Halloween 2007 |work| File
Rob Zombie’s Halloween doesn’t just remake John Carpenter’s original; it dissects it, smothers it in white trash realism, and stitches it back together with a sledgehammer. Whether that’s a triumph or a travesty depends entirely on what you want from Michael Myers.
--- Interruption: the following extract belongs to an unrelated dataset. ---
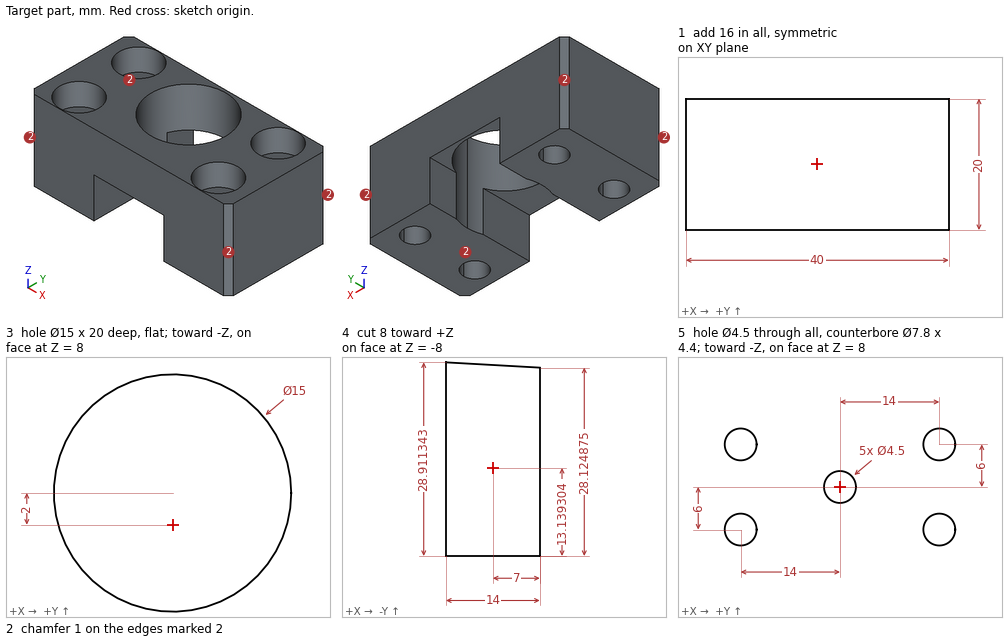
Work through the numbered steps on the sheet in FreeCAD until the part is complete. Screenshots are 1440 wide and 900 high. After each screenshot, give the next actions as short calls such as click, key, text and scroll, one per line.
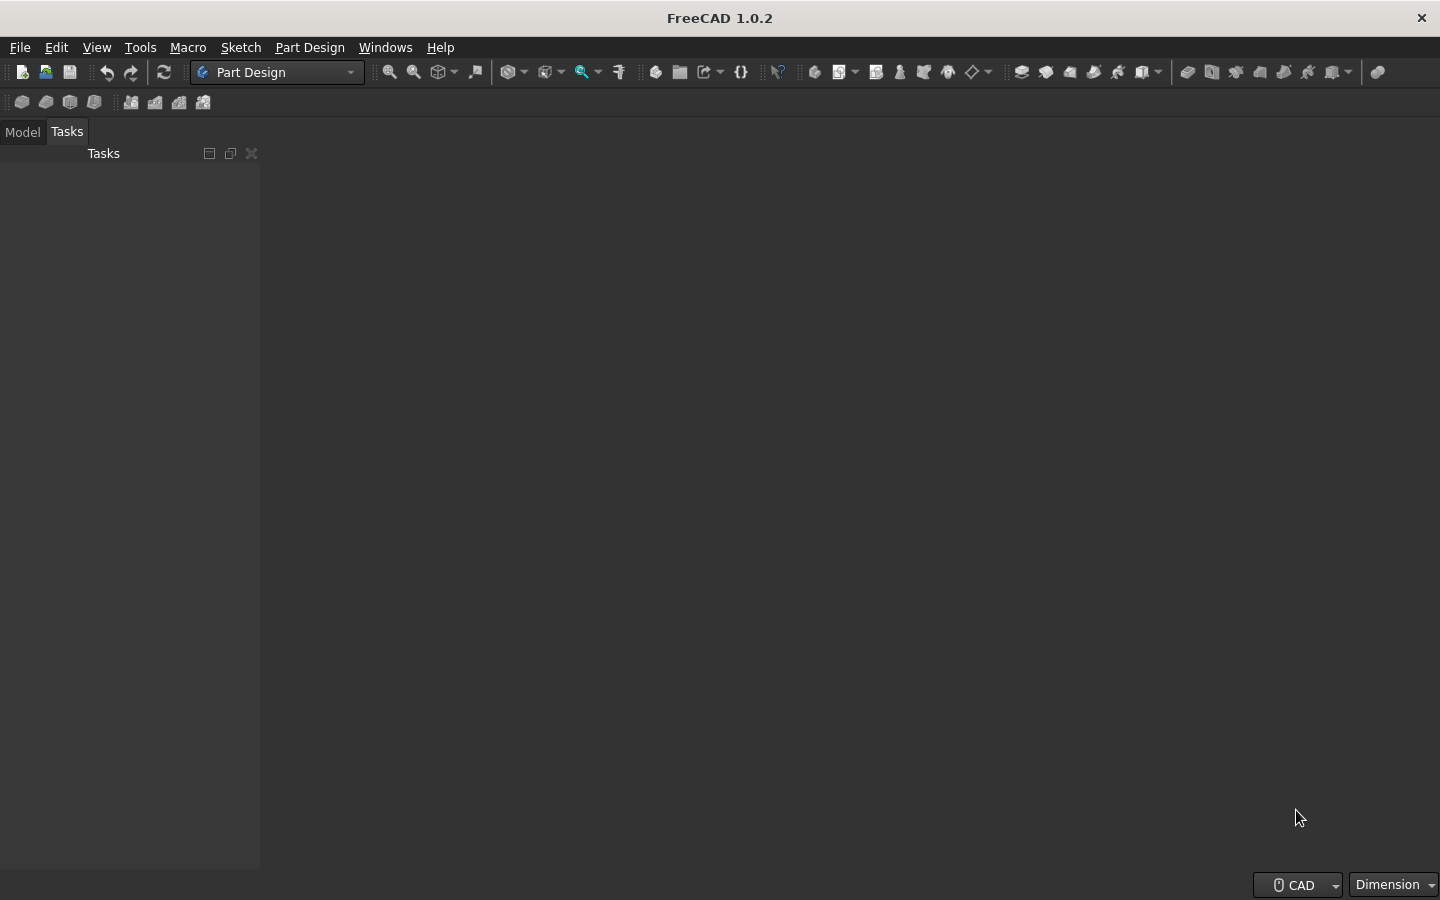
key(ctrl+n)

Once Michael escapes Smith’s Grove (now a hulking, profane madhouse run by a lecherous Malcolm McDowell as Dr. Loomis), the film shifts into a greatest-hits reel of the 1978 original. Laurie Strode (Scout Taylor-Compton) is no longer the quiet, smart final girl; she’s a screaming, emotional wreck. The stalking scenes are present, but Zombie replaces Carpenter’s suspenseful silence with loud, hulking brutality. The biggest misfire? The mask. Zombie’s weathered, grimy version strips away the eerie emptiness. And giving Michael (now a 7-foot Tyler Mane) a backstory of mommy issues ironically makes him less scary. The unknown was always the point. halloween 2007
Rating: ★★★☆☆ (3/5) or ★★★★☆ (4/5) depending on your tolerance for grit Loomis), the film shifts into a greatest-hits reel
Zombie makes a bold choice: spend the first 45 minutes inside the broken home of 10-year-old Michael Myers (Daeg Faerch). This isn’t the unknowable, ghost-like boogeyman of 1978. This is a boy with a neglectful stripper mother (Sheri Moon Zombie), an abusive stepfather, and a bullying sister. Zombie argues that Michael was created , not born. And it works. Young Faerch is terrifyingly believable—a ticking time bomb of animal rage. The murder of his stepfamily is raw, ugly, and far more visceral than the original’s clinical stalking. You almost feel sorry for him. Almost . The biggest misfire
if you love the original’s mystique. Watch it if you want to see what happens when the boogeyman takes off his mask and says “die.”